I am currently working with GPU's and since they are expensive I want them to scale down and up depending on the load. However scaling up the cluster and preparing the node takes around 8 minutes since it installs the drivers and do some other preparation.
So to solve this problem, I want to let one node stay in idle state and autoscale the rest of the nodes. Is there any way to do it?
This way when a request comes, the idle node will take it and a new idle node will be created.
Thanks!
There are three different approaches:
1 - The 1st approach is entirely manual. This will help you keep a node in an idle state without incurring downtime for your application during the autoscaling process.
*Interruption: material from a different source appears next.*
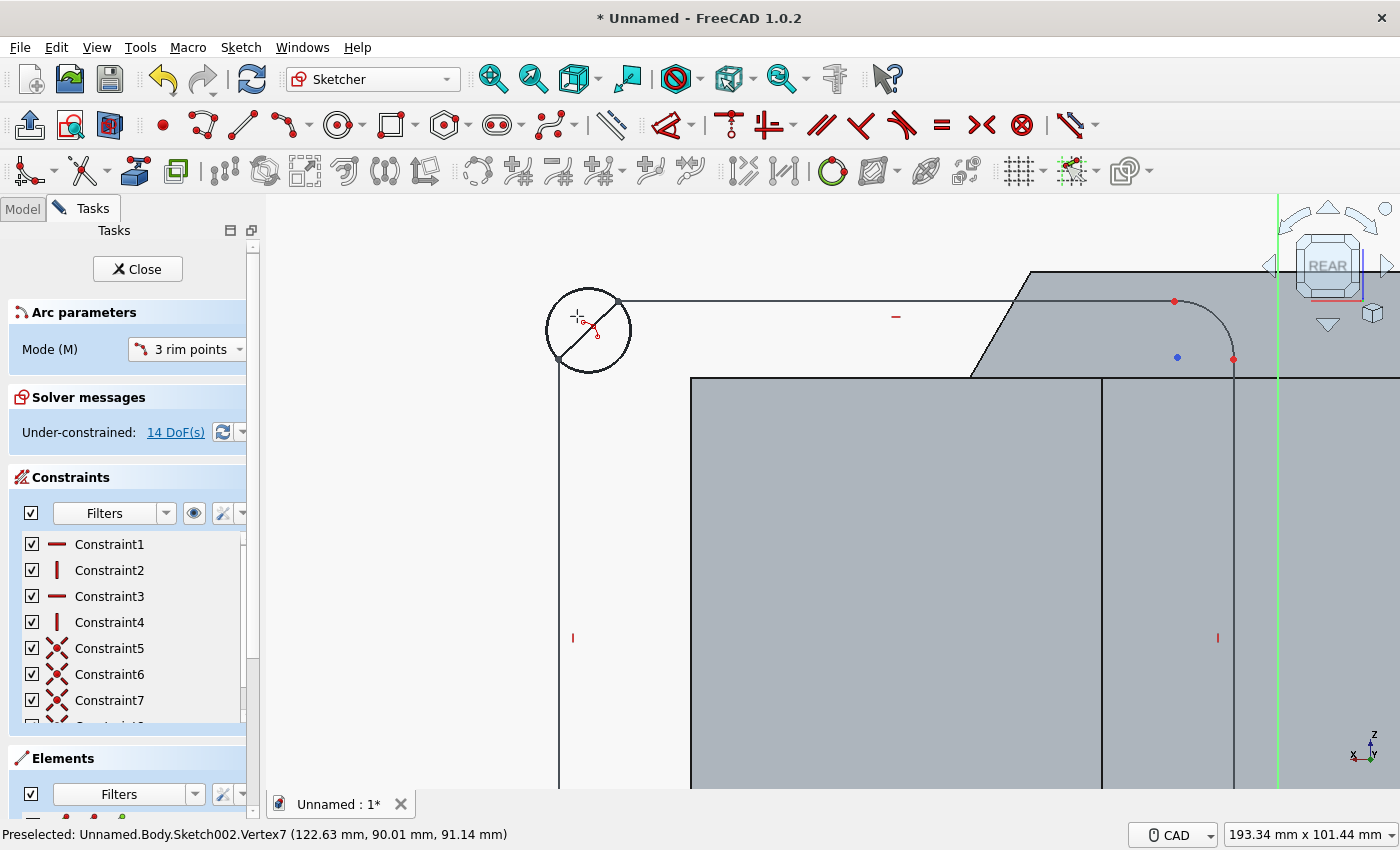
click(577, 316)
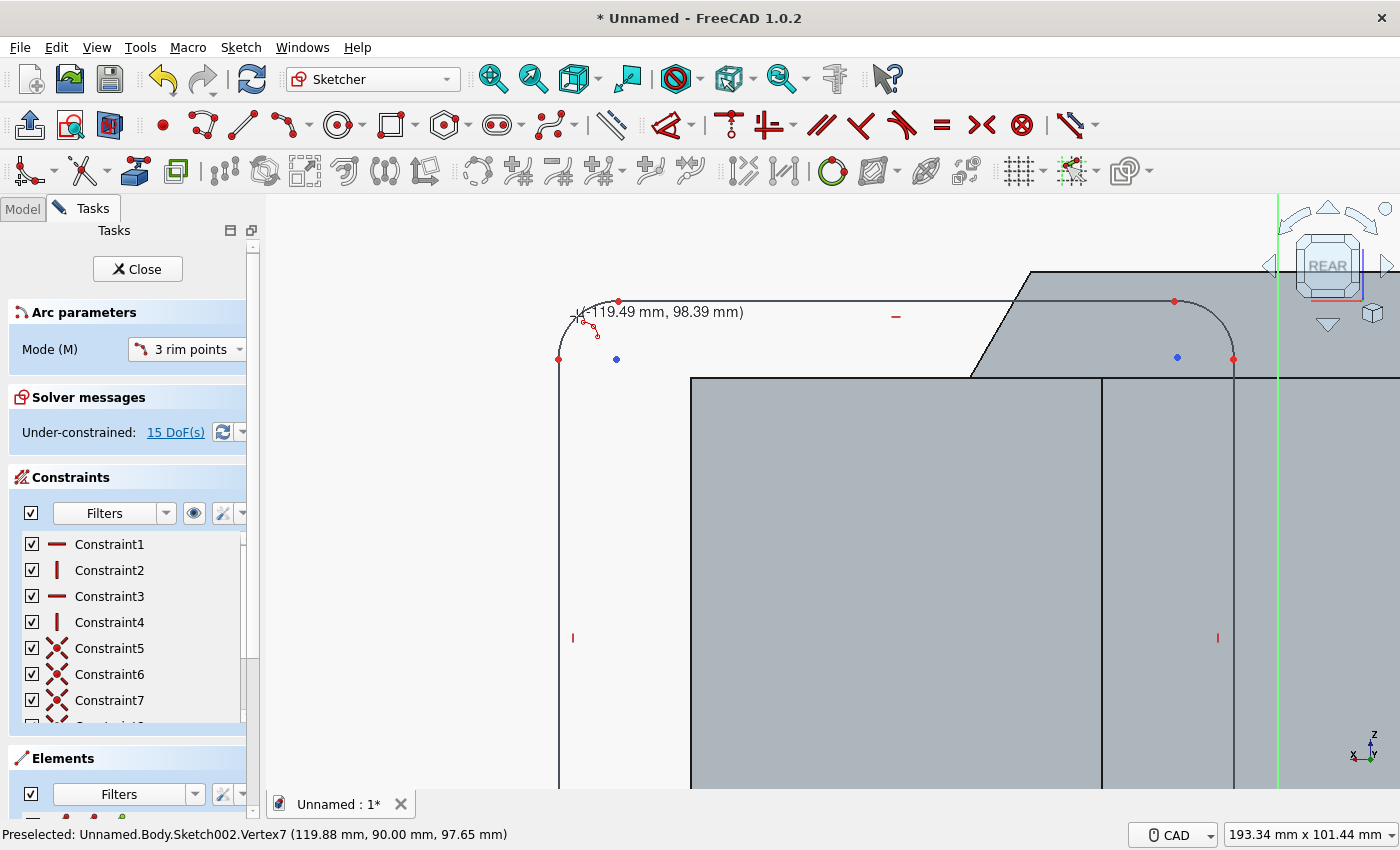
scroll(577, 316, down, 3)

You would have to prevent one specific node from autosaling (let's call it "node A"). Create a new node and make replicas of the node A's pods to that new node. The node will be running while it is not part of the autoscaling process. Once the autoscaling process is complete, and the boot is finished, you may safely drain that node.
a. Create a new node.
b. Prevent node A from evicting its pods by adding the annotation "cluster-autoscaler.kubernetes.io/safe-to-evict": "false"
c. Copy a replica of node A, make replicas of the pods into that new node.
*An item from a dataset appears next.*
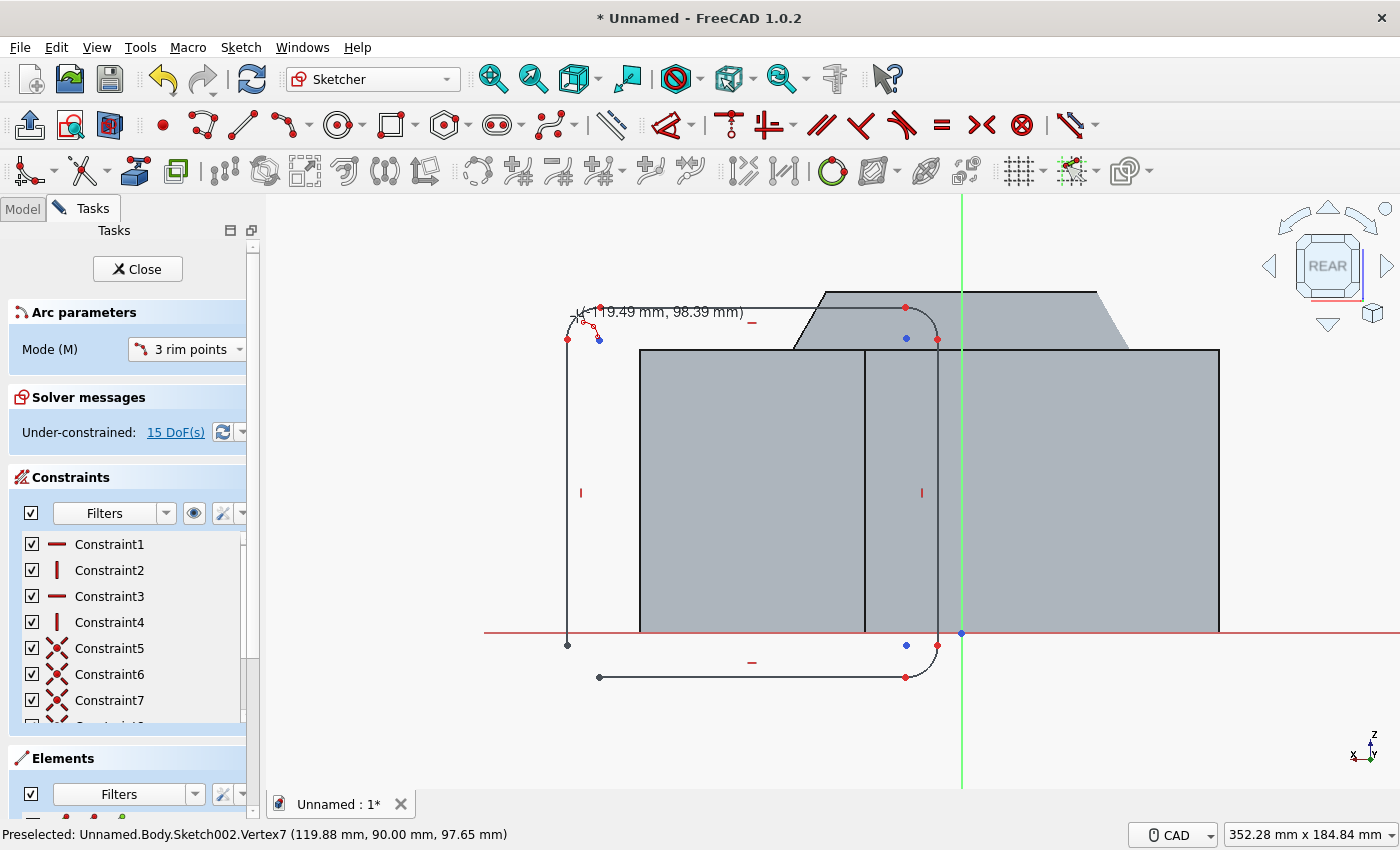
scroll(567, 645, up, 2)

d. Once the autoscaler has scaled all the nodes, and the boot time has
completed, you may safely drain node A, and delete it.
2 - You could run a Pod Disruption Budget.
3 - If you would like to block the node A from being deleted when the autoscaler scales down, you could set the annotation "cluster-autoscaler.kubernetes.io/scale-down-disabled": "true" on one particular node. This only works during a scaling down process.